BibRank, a new semi-supervised automatic keyphrase extraction method that exploits an information-rich dataset collected by parsing bibliographic data in BibTeX format.
This repository contains BibRank implementation, Bib dataset, a platform to support datasets creation, different models processing, and running different evaluations.
pip install -r requirements.txt
-
Download and install dependencies for Embedrank
Using their Github repo: https://github.com/AnzorGozalishvili/unsupervised_keyword_extraction
-
BibRank and PositionRank use Standford CoreNLP Toolkit
Download: https://stanfordnlp.github.io/CoreNLP/download.html
-
Install spacy model: en_core_web_lg
python -m spacy download en_core_web_lg
- NLTK dependencies
nltk.download('wordnet')
Models Evaluation.ipynb
notebook has examples for different models evaluations.
Bib dataset was used for evaluation and for generating the weights used by BibRank model. The dataset contains 18,193 documents where their titles, abstracts, and other metadata stored.
Another data file was created which includes data from 5 frequently used keyprhase extraction datasets.
The repository contains code to load, process, and create/ extend datasets.
More information about datasets can be found here.
The platform includes the implementation of the newly proposed method BibRank.
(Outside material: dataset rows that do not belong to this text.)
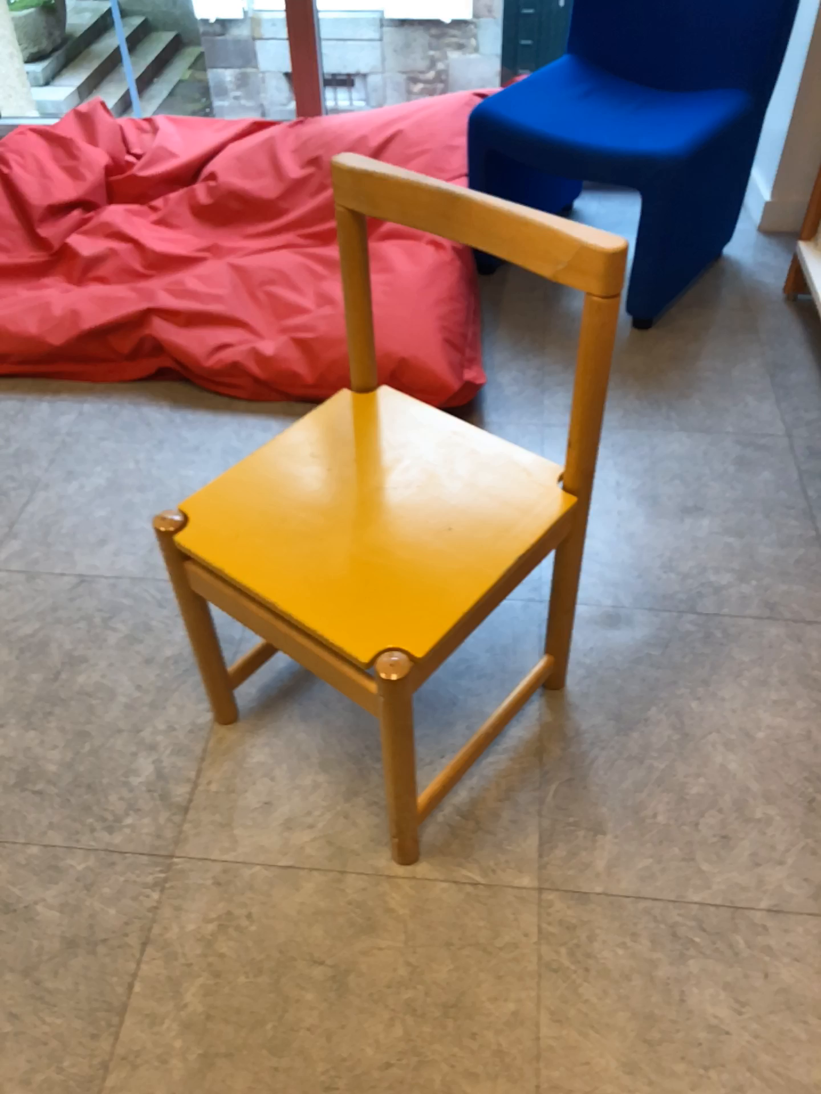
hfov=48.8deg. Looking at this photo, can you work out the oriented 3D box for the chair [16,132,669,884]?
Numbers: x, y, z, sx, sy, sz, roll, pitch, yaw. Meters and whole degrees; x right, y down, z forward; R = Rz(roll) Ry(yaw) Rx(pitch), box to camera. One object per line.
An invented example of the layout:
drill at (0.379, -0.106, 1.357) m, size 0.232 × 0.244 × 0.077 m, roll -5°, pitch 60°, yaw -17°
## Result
chair at (-0.052, -0.040, 1.086) m, size 0.450 × 0.666 × 0.422 m, roll 29°, pitch 52°, yaw 27°

In addition, it includes 18 different keyphrase methods implementation.
More information about the models can be found here.
To run an experiment using BibRank model. The following code can be used: (Code Included in the Models Evaluation.ipynb
notebook)
First, the Stanford CoreNLP should be run using the following command:
java -mx1g -cp "*" edu.stanford.nlp.pipeline.StanfordCoreNLPServer -port 9000 -timeout 15000
Then the following code can be run from the main directory.
from Models.models import *
from key_eval import *
bib_weights= {"dataset":"Datasets/DataFiles/bib_tug_dataset_full.parquet",
"year1":1980, "year2":1986, "types":["compsci"]} #Defines weights data parameters
model = BibRank()
all_scores, all_scores_adjust = eval_file("Datasets/DataFiles/bib_tug_dataset_full.parquet",
model,model_param = ["weights from 1980 1986"] ,
year1=1988, year2=1990, types=["compsci"] ,
bib_weights=bib_weights, log=True)
all_scores
evaluation scores F1, recall, precision, Rprecision (in order)
all_scores_adjust
same list of scores, but adjusted according to terms that appear in the document only.
The code first defines the parameters used to generate the Bib weights. Then, it runs an evaluation using a different set of parameters.
Bib weights are only used with BibRank model. Other models can be evaluated using the same code with changing the model initialization (Examples are in the notebook).
Output summary is stored in file output.tsv
, and detailed information is stored in file output.json
. This can be ignored if log
is set to False.
We have benchmarked BibRank and state-of-the-art techniques against the dataset. The evaluation indicates that BibRank is more stable and has a better performance than state-of-the-art methods.
│ KeyEval.py
| Models Evaluation.ipynb
│ output.json
│ output.tsv
│ requirements.txt
│
├───Datasets
│ │ bib_info.json
│ │ error_name.txt
│ │ get_abstract.py
│ │ names.txt
│ │ ProcessBib.py
│ │ ProcessText.py
│ │ utils.py
│ │
│ ├───DataFiles
│ │ bib_tug_dataset_full.parquet
│ │ text_dataset_full.parquet
│ │
└───Models
│ Models.py
│ position_rank.py
│ test_position.py
│ tokenizer.py